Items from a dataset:
▶

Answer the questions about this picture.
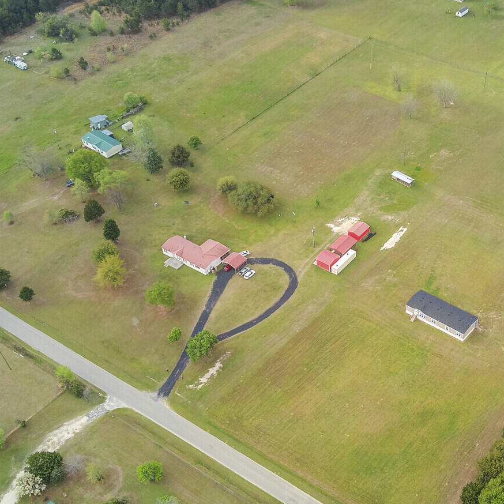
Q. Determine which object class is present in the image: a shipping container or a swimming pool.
shipping container
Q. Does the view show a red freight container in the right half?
No
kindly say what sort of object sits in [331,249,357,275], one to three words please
shipping container
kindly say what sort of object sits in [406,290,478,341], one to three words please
house

◀

• Exercise
Every entry above needs to be copied exactly, and no pictures go with it.

• Result for this task
Answer the questions about this picture.
Q. Determine which object class is present in the image: a shipping container or a swimming pool.
shipping container
Q. Does the view show a red freight container in the right half?
No
kindly say what sort of object sits in [331,249,357,275], one to three words please
shipping container
kindly say what sort of object sits in [406,290,478,341], one to three words please
house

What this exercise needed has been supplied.